In his blues incarnation in the 1980s with his Gripewater Blues Band Mooney honed a sound he had built from his interest in the blues dating back to his schooldays and early listening to Eric Clapton, John Mayall, Peter Green, and BB King. Years later with the band that listening would be closer to the source still opening for BB when the blues great’s relentless touring reached Dublin. Now in his early-fifties, with the Gripewater band in his early twenties it was “playing all those Willie Dixon numbers and then discovering the jazz stuff, searching for a new style,” he says. That new style would come tumbling down, first via Jimmy Smith’s organ and George Benson’s guitar. Mooney would also be listening to some Charlie Parker, some John Coltrane, and some Ahmad Jamal along the way. 

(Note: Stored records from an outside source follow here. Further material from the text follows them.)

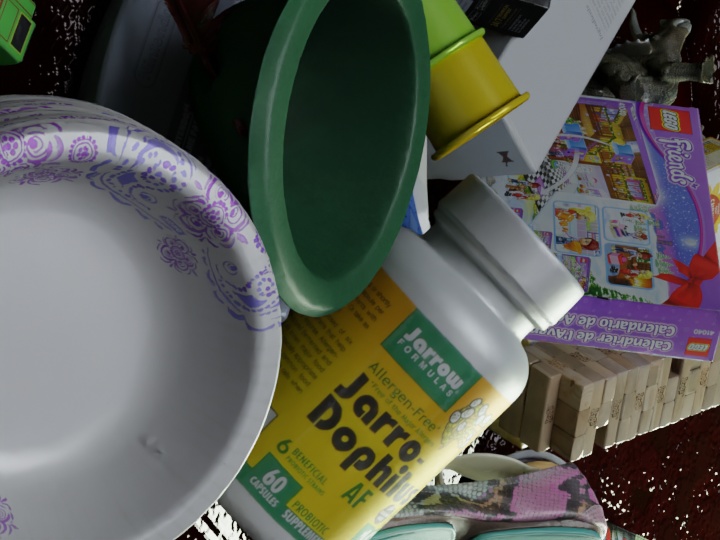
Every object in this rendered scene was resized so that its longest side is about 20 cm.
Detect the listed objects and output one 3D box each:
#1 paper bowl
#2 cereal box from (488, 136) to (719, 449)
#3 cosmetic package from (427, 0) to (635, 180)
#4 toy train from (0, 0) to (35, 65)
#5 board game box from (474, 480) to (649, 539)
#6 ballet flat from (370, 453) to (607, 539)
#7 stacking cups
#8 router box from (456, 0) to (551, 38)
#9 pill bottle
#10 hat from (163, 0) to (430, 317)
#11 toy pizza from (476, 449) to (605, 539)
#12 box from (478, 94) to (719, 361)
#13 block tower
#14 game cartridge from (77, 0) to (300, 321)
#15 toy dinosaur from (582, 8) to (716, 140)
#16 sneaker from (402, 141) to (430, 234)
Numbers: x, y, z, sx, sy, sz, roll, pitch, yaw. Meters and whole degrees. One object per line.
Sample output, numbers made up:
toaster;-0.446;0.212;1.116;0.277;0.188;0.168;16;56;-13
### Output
paper bowl;-0.142;0.026;0.850;0.199;0.104;0.202;-9;110;-25
cereal box;0.162;0.012;1.263;0.199;0.039;0.145;-22;126;-35
cosmetic package;0.088;-0.146;1.187;0.071;0.101;0.201;58;47;-33
toy train;-0.169;-0.128;0.906;0.056;0.041;0.201;47;54;-53
board game box;0.127;0.205;1.300;0.200;0.023;0.106;27;71;-49
ballet flat;0.047;0.139;1.145;0.199;0.069;0.071;-2;50;-26
stacking cups;0.009;-0.155;1.013;0.060;0.060;0.201;-30;87;-48
router box;0.041;-0.245;1.096;0.156;0.052;0.201;15;75;-9
pill bottle;0.013;0.050;1.006;0.200;0.113;0.113;-43;132;2
hat;-0.075;-0.088;0.951;0.201;0.175;0.166;-67;152;-26
toy pizza;0.108;0.211;1.232;0.200;0.032;0.202;-2;92;-52
box;0.133;-0.032;1.159;0.201;0.136;0.039;-84;-179;-52
block tower;0.176;0.061;1.235;0.199;0.054;0.058;-17;126;-37
game cartridge;-0.070;-0.087;0.992;0.133;0.040;0.201;29;61;-25
toy dinosaur;0.163;-0.117;1.301;0.199;0.102;0.078;-16;113;-43
sneaker;-0.001;0.000;1.090;0.111;0.076;0.202;-24;109;-51
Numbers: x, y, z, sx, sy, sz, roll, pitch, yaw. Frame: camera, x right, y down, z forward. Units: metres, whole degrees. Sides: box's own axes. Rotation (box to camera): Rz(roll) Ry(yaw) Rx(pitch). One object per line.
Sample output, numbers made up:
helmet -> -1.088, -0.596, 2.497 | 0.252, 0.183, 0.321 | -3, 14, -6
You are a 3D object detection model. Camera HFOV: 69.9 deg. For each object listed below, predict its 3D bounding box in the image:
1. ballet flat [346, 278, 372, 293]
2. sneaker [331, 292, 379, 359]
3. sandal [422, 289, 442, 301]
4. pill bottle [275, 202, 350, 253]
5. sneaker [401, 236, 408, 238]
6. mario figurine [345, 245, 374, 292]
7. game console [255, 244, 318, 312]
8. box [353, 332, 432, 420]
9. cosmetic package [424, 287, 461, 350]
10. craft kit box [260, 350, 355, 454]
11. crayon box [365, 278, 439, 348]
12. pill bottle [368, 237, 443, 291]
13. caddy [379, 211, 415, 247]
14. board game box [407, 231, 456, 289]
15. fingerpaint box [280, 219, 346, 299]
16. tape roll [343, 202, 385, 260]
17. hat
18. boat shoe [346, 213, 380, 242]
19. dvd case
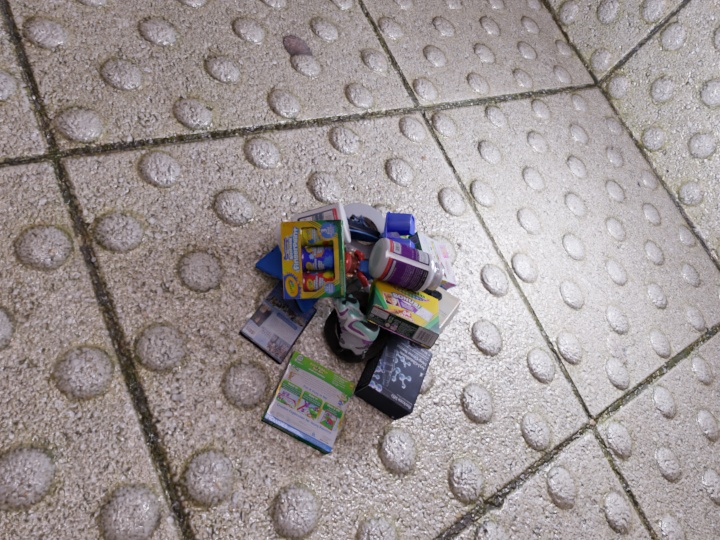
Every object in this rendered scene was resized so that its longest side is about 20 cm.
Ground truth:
ballet flat -> 0.037, 0.029, 1.591 | 0.064, 0.068, 0.199 | 41, 59, 21
sneaker -> -0.040, 0.158, 1.413 | 0.077, 0.142, 0.200 | 2, 33, -38
sandal -> 0.157, 0.046, 1.574 | 0.198, 0.049, 0.075 | 21, 37, 28
pill bottle -> -0.134, -0.111, 1.462 | 0.196, 0.120, 0.122 | -14, 68, 5
sneaker -> 0.144, -0.053, 1.695 | 0.075, 0.085, 0.202 | 4, 43, 7
mario figurine -> 0.000, 0.000, 1.531 | 0.196, 0.108, 0.124 | 13, 25, -13
game console -> -0.180, 0.002, 1.517 | 0.200, 0.117, 0.173 | -46, 120, -41
box -> 0.095, 0.292, 1.467 | 0.147, 0.107, 0.202 | 33, 56, -9
cosmetic package -> 0.217, 0.138, 1.562 | 0.102, 0.074, 0.200 | 29, 39, 17
craft kit box -> -0.134, 0.347, 1.363 | 0.198, 0.049, 0.200 | 31, 58, -10
crayon box -> 0.119, 0.105, 1.416 | 0.197, 0.059, 0.173 | 25, 30, -7
pill bottle -> 0.128, -0.010, 1.435 | 0.197, 0.113, 0.114 | 19, 58, -17
caddy -> 0.108, -0.102, 1.553 | 0.103, 0.200, 0.145 | 0, 88, 10
board game box -> 0.238, -0.029, 1.688 | 0.199, 0.040, 0.156 | 18, 53, -52
fingerpaint box -> -0.123, -0.030, 1.366 | 0.163, 0.073, 0.205 | -2, 92, 2
tape roll -> 0.000, -0.113, 1.649 | 0.197, 0.066, 0.204 | 12, 60, -21
hat -> -0.003, 0.165, 1.484 | 0.196, 0.081, 0.205 | -2, 78, 7
boat shoe -> -0.027, -0.143, 1.559 | 0.197, 0.084, 0.070 | 19, 70, -20
dvd case -> -0.225, 0.141, 1.435 | 0.142, 0.018, 0.201 | 38, 54, -6
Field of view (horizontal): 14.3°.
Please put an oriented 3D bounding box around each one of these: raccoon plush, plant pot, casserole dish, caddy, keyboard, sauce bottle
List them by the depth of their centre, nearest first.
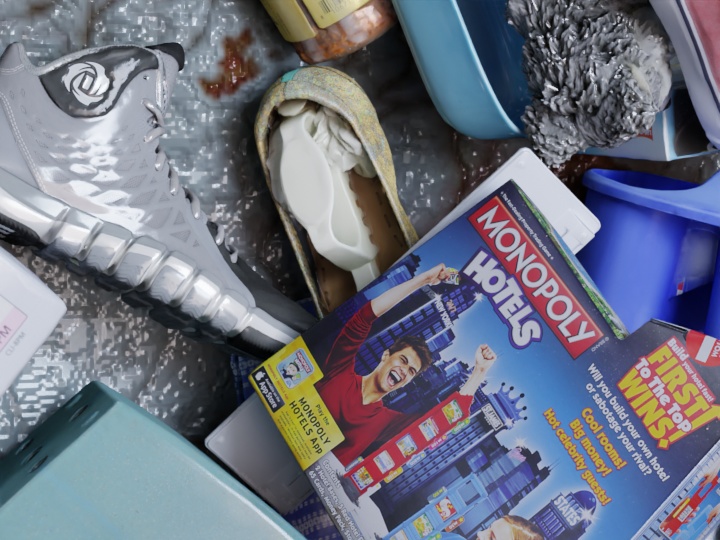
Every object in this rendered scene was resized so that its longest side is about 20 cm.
[{"bbox_3d":[-0.081,0.154,1.287,0.141,0.141,0.200,-41,102,-7],"label":"plant pot"},{"bbox_3d":[0.066,-0.135,1.291,0.200,0.097,0.134,25,60,-16],"label":"raccoon plush"},{"bbox_3d":[0.019,0.029,1.304,0.200,0.011,0.056,-43,109,8],"label":"keyboard"},{"bbox_3d":[-0.050,-0.191,1.319,0.066,0.066,0.200,-37,111,-19],"label":"sauce bottle"},{"bbox_3d":[0.044,-0.145,1.348,0.121,0.039,0.200,-28,99,-65],"label":"casserole dish"},{"bbox_3d":[0.179,-0.008,1.385,0.200,0.141,0.105,-4,108,-70],"label":"caddy"}]

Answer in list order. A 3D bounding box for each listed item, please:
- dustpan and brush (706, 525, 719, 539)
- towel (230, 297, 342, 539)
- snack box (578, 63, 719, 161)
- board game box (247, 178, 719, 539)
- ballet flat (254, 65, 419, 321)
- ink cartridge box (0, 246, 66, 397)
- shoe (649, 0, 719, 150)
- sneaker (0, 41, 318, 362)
[{"bbox_3d":[0.115,0.098,1.426,0.200,0.057,0.140,14,83,-25],"label":"dustpan and brush"},{"bbox_3d":[0.016,0.105,1.402,0.145,0.024,0.200,-16,101,-25],"label":"towel"},{"bbox_3d":[0.204,-0.087,1.426,0.200,0.116,0.037,-10,99,-25],"label":"snack box"},{"bbox_3d":[0.084,0.070,1.242,0.200,0.200,0.062,-36,150,7],"label":"board game box"},{"bbox_3d":[0.000,0.000,1.336,0.071,0.071,0.200,-19,86,-24],"label":"ballet flat"},{"bbox_3d":[-0.252,0.018,1.235,0.200,0.057,0.163,40,87,-29],"label":"ink cartridge box"},{"bbox_3d":[0.194,-0.099,1.262,0.072,0.091,0.200,-61,144,-17],"label":"shoe"},{"bbox_3d":[-0.087,-0.042,1.306,0.200,0.075,0.116,28,78,-20],"label":"sneaker"}]

Mooney grew up on Dublin’s south side, in Rathfarnham, and moved out to Wicklow, but now lives in the north of County Wexford. The blues scene in those distant days in Ireland included such totemic figures as Belfast scenester Jim Daly. In terms of the vocals side of his performances Mooney says as a listener he likes Chet Baker, Frank Sinatra and Joe Williams as well as Tony Bennett, Nancy Wilson and Sarah Vaughan. He’s not a devotee of Ray Charles Mooney told Marlbank earlier in the year but even so ‘Ain’t That Love’ on his latest album The Bohemian Mooney shows a deep understanding and flair for the High Priest of Soul’s approach. The real tour de force of the album perhaps is Bohemian Moondance’ where Van Morrison classic Moondance metamorphoses effortlessly into ‘Milestones’ by Miles Davis, a natural fit in Mooney’s hands. The bandleader says he used to play ‘Moondance’ at gigs which he mentions tactfully was requested “too many times”. So after a while he decided to rewrite the bridge, change the tempo, and play it “a bit different and hoped nobody would notice!” Ah well, that cat’s well and truly out of the bag.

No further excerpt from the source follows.